A conversation about phishing defense with eSecure’s CEO.
By Cofense Inc.
How does it benefit MSSPs to offer phishing defense? To understand the value to service providers and customers, the Cofense™ team recently chatted with Clinton Smith of eSecure, an MSSP located in Australia and the UK.
Interestingly, his responses correspond to what Cofense calls the 5 Uncomfortable Truths about Phishing Defense, examined in a recent blog series. For example: “No matter how good your perimeter defenses, phishing emails still reach the inbox.” Clinton expounds on this idea and other key topics below, dissecting what they mean for MSSPs and their customers.
Q: Phishing attacks are in the news practically every day. Does this increase awareness or desensitize customers to the problem?

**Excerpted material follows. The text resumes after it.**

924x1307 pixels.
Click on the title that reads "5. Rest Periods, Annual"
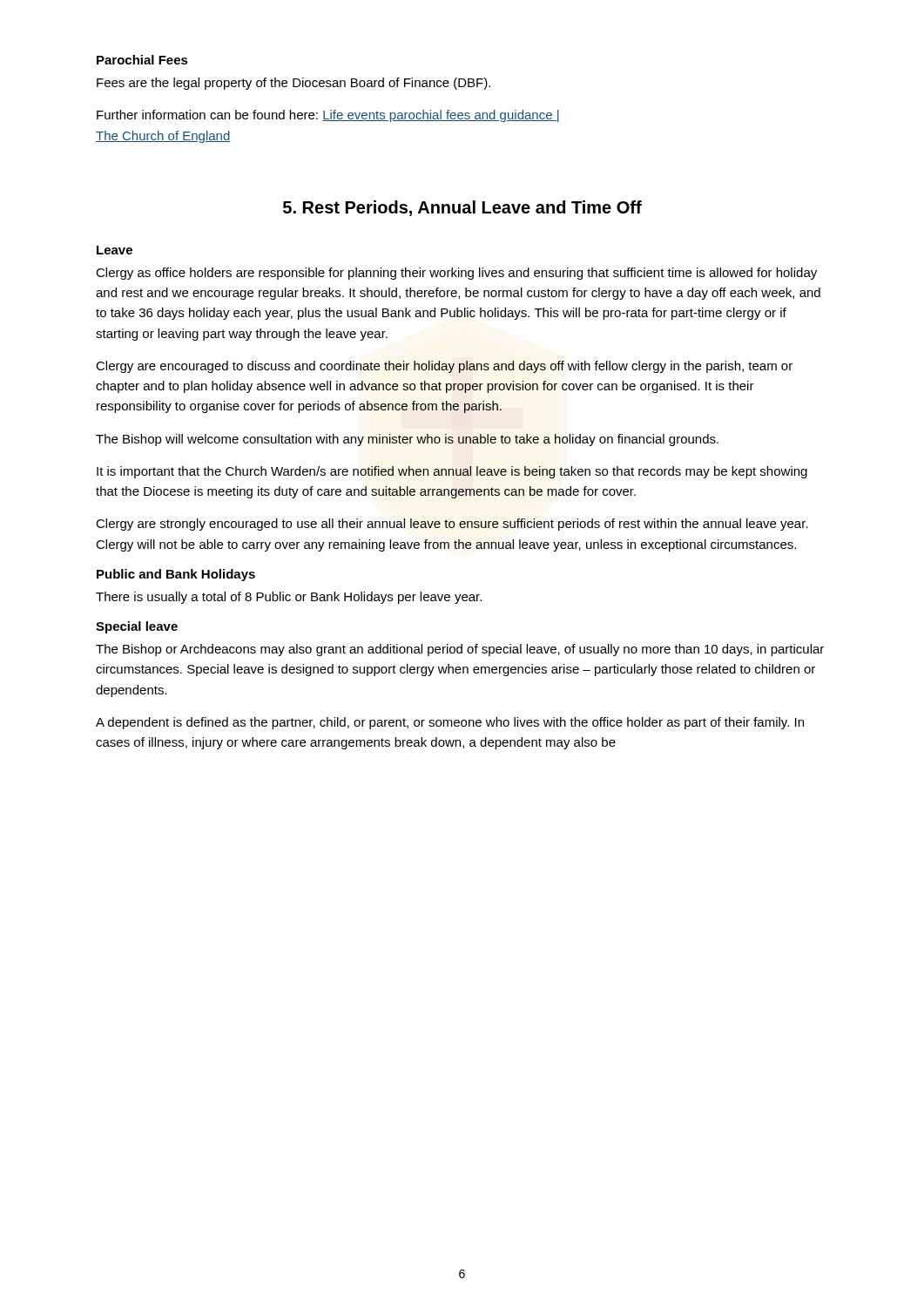(x=462, y=207)

A: Most organizations are aware of the problem, in particular their security teams. But individual users often seem to expect that their organizations are going to protect their mailboxes. It’s a somewhat reasonable expectation, at least from the user’s perspective, but technology has limitations, so users need to do their part.
Q: Makes sense. Does this put more pressure on managed service providers to deliver anti-phishing solutions that turn users into network defenders?
A: We’re continually under pressure to raise the bar. For example, while medium-to-large companies realize the need to educate users on phishing, smaller partners in the supply chain may not. These smaller organizations tend to be less mature in developing anti-phishing programs. Some still have a strange reluctance to invest in cybersecurity.
Q: What about those organizations that have invested in security defense—are there too many that think, mistakenly, that what they have is enough?
A: Again, the security teams would gladly invest more, but not everyone in the organization agrees. In Australia, mandatory breach notification laws are raising awareness that security is a process, something that needs to evolve as threats themselves evolve.